Try it »
For this exercise, return only the lines in the records below from the one holding "Labels for a 1024x686" through the one holding "Boxes around wall", including both, exactly as they appear and without pictures.

#### Material provided ####

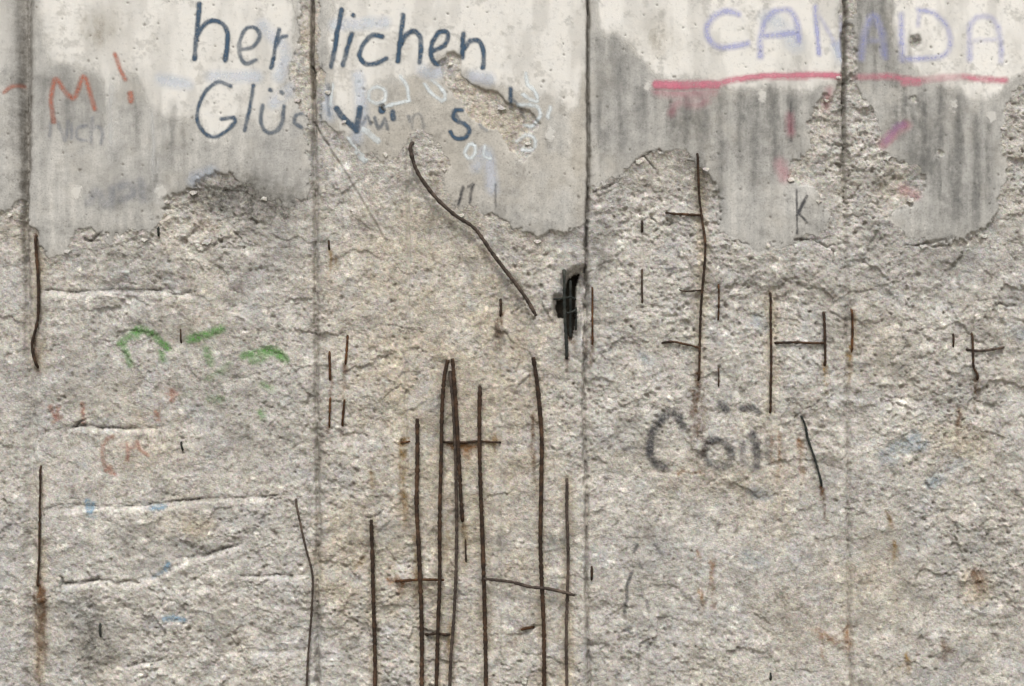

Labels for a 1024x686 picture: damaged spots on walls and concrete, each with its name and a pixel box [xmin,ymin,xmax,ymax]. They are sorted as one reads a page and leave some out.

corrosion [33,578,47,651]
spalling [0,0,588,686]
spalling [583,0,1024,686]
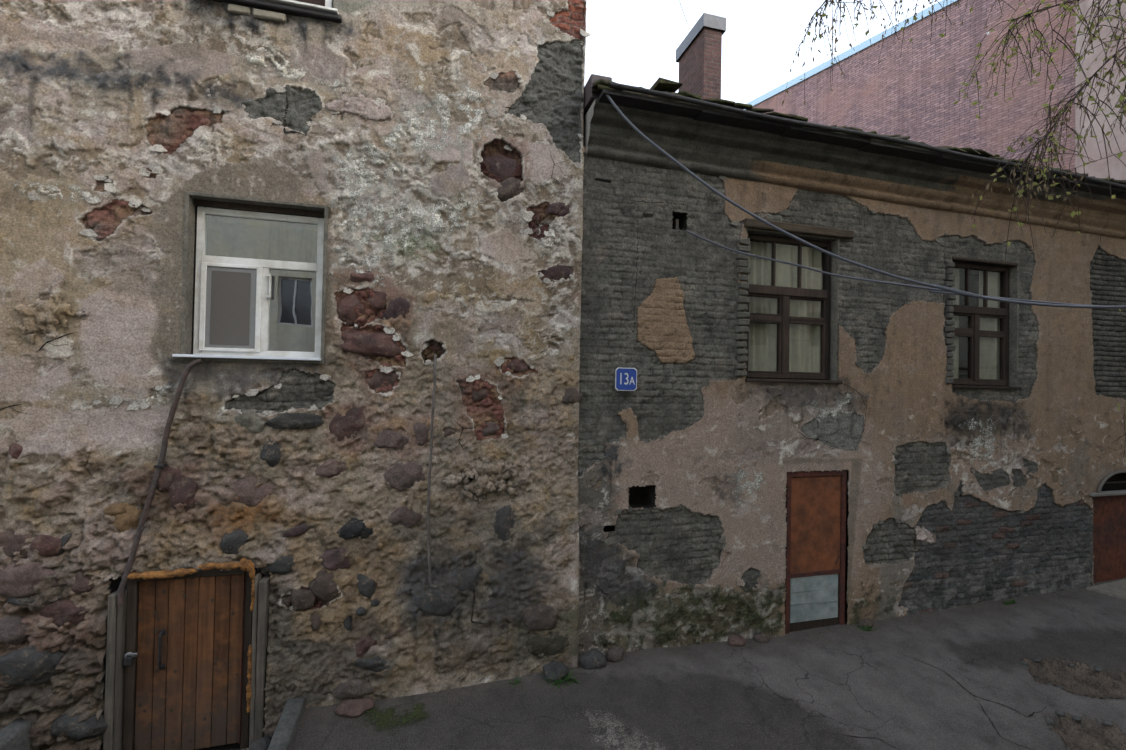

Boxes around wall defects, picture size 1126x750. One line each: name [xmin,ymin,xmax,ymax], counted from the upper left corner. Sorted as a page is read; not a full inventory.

####
#### Material provided ####

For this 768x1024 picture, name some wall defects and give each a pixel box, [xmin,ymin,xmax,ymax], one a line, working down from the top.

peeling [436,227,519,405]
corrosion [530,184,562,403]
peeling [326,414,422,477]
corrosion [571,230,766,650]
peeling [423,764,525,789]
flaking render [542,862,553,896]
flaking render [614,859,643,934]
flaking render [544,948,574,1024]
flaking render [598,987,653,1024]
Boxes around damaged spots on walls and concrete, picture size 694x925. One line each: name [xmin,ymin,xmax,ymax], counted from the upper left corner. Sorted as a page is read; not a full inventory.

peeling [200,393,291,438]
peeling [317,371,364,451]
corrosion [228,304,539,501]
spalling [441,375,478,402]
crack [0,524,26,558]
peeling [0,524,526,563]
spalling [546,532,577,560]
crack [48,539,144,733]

####
#### Material provided ####

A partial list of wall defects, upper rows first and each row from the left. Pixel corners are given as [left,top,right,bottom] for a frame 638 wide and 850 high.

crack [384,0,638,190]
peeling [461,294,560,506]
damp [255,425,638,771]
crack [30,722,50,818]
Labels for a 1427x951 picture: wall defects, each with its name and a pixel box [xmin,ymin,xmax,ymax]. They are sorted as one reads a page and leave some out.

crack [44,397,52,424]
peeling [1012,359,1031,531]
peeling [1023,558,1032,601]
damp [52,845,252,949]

####

Exercise answer »
Labels for a 1024x686 picture: damaged spots on walls and concrete, each with its name and a pixel box [xmin,ymin,xmax,ymax]. They are sorted as one reads a page and leave some out.

corrosion [33,578,47,651]
spalling [0,0,588,686]
spalling [583,0,1024,686]

Boxes around wall defects, picture size 1126x750. One line each: name [xmin,ymin,xmax,ymax], counted from the upper left corner. Sorted as a page is read; not a full inventory.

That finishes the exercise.